Function `by method`

Dafny supports a little-known feature (`by method`) which allows a `function` to be implemented using a `method`. This means the specification can still be given in the functional (i.e. recursive) style whilst the implementation is given in an imperative style (i.e. with loops).

To better understand this, consider the following example:

``````function sum(items: seq<nat>) : (r:nat) {
if |items| == 0 then 0
else items[0] + sum(items[1..])
}
``````

This recursively computes the sum of a sequence of unsigned integers (`nat`s). Using `by method`, we can add an imperative implementation like so:

``````function sum(items: seq<nat>) : (r:nat) {
if |items| == 0 then 0
else items[0] + sum(items[1..])
} by method {
r := 0;
var i : nat := |items|;
while i > 0
invariant r == sum(items[i..]) {
i := i - 1;
r := r + items[i];
} }
``````

This uses a `while` loop to implement the functional specification. The key point is that Dafny automatically proves the imperative version correctly implements the functional specification. Whilst that is pretty amazing, Dafny does need help to do this: firstly, an `invariant` was needed to help Dafny match the loop and the recursive specification at each step; secondly, to make this work, the loop must traverse backwards through the sequence (which is perhaps not that intuitive). However, having done this, we now know `sum()` will not exhaust the call stack at runtime on large inputs!

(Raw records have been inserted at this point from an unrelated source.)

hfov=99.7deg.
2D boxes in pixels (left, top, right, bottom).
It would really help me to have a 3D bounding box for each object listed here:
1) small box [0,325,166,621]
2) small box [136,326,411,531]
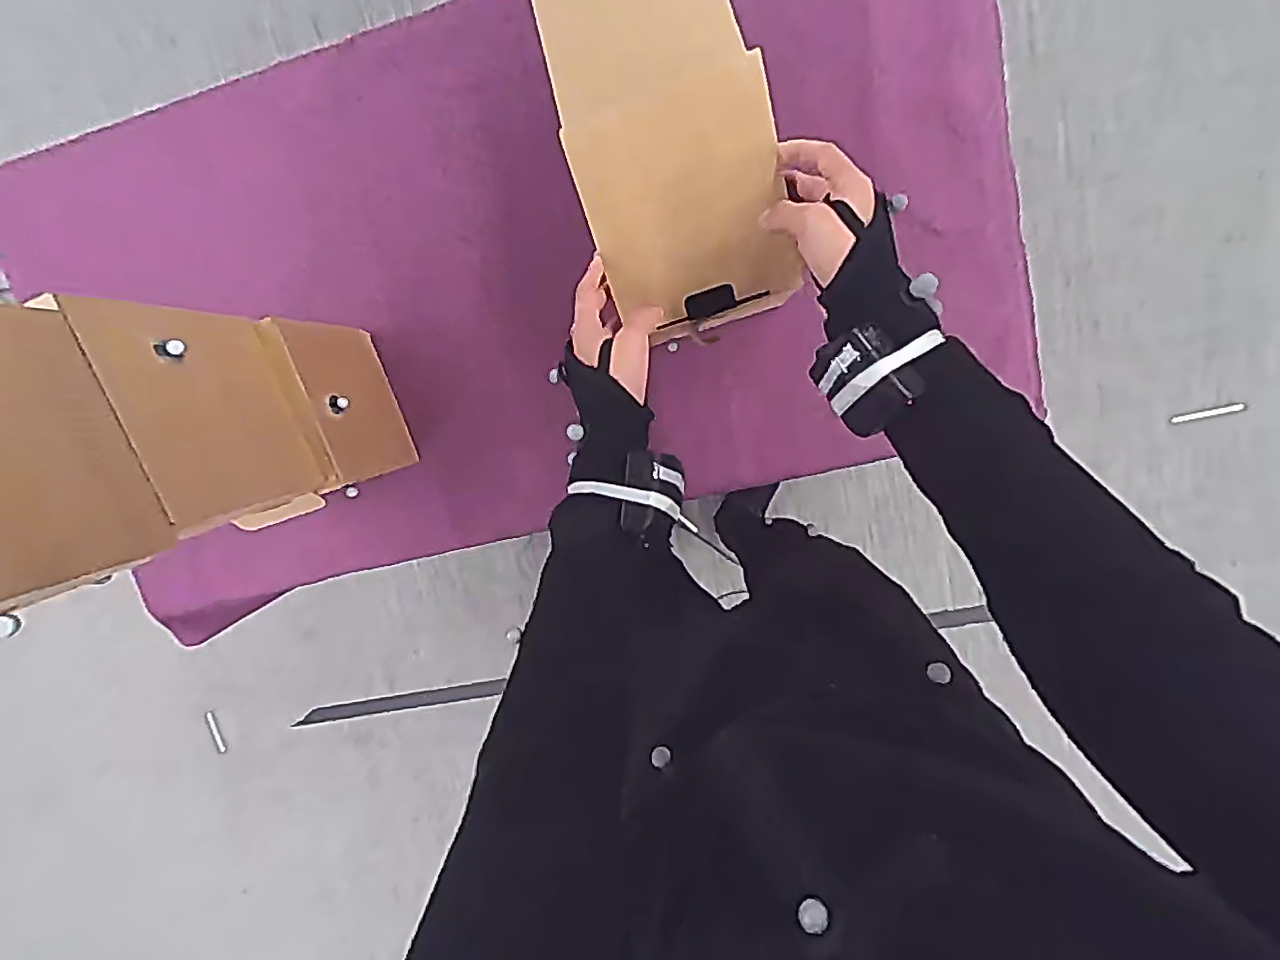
[{"bbox_3d":[-0.439,0.011,0.304,0.168,0.176,0.179,-20,98,9],"label":"small box"},{"bbox_3d":[-0.398,-0.063,0.624,0.168,0.176,0.179,-17,99,8],"label":"small box"}]

We can now see the final version of our `FromBytes()` function from before:

``````function FromBytes(bytes:seq<u8>) : (r:nat) {
if |bytes| == 0 then 0
else
var last := |bytes| - 1;
var byte := bytes[last] as nat;
var msw := FromBytes(bytes[..last]);
(msw * 256) + byte
} by method {
r := 0;
for i := 0 to |bytes|
invariant r == FromBytes(bytes[..i]) {
var ith := bytes[i] as nat;
r := (r * 256) + ith;
LemmaFromBytes(bytes,i);
}
// Dafny needs help here :)
assert bytes[..|bytes|] == bytes;
// Done
return r;
}
``````

The `by method` implementation is similar to what we did for the `sum()` example, though Dafny requires slightly more hand-holding to show the `while` loop is equivalent to the recursive specification. In particular, a lemma `LemmaFromBytes()` is needed to help reestablish the loop invariant (not shown). Regardless, the net effect is the same — `FromBytes()` no longer exhausts the call stack on the official EVM test suite. That is a great result!

Conclusion

In languages like Dafny, a dichotomy exists between functional specifications and imperative implementations: Specifications must be functional so the underlying theorem prover can safely reason about them; on the other hand, algorithms are often more efficient when implemented using loops. The ability to seamlessly cross the divide between these two extremes is a unique feature of Dafny which (when the need arises) is compelling.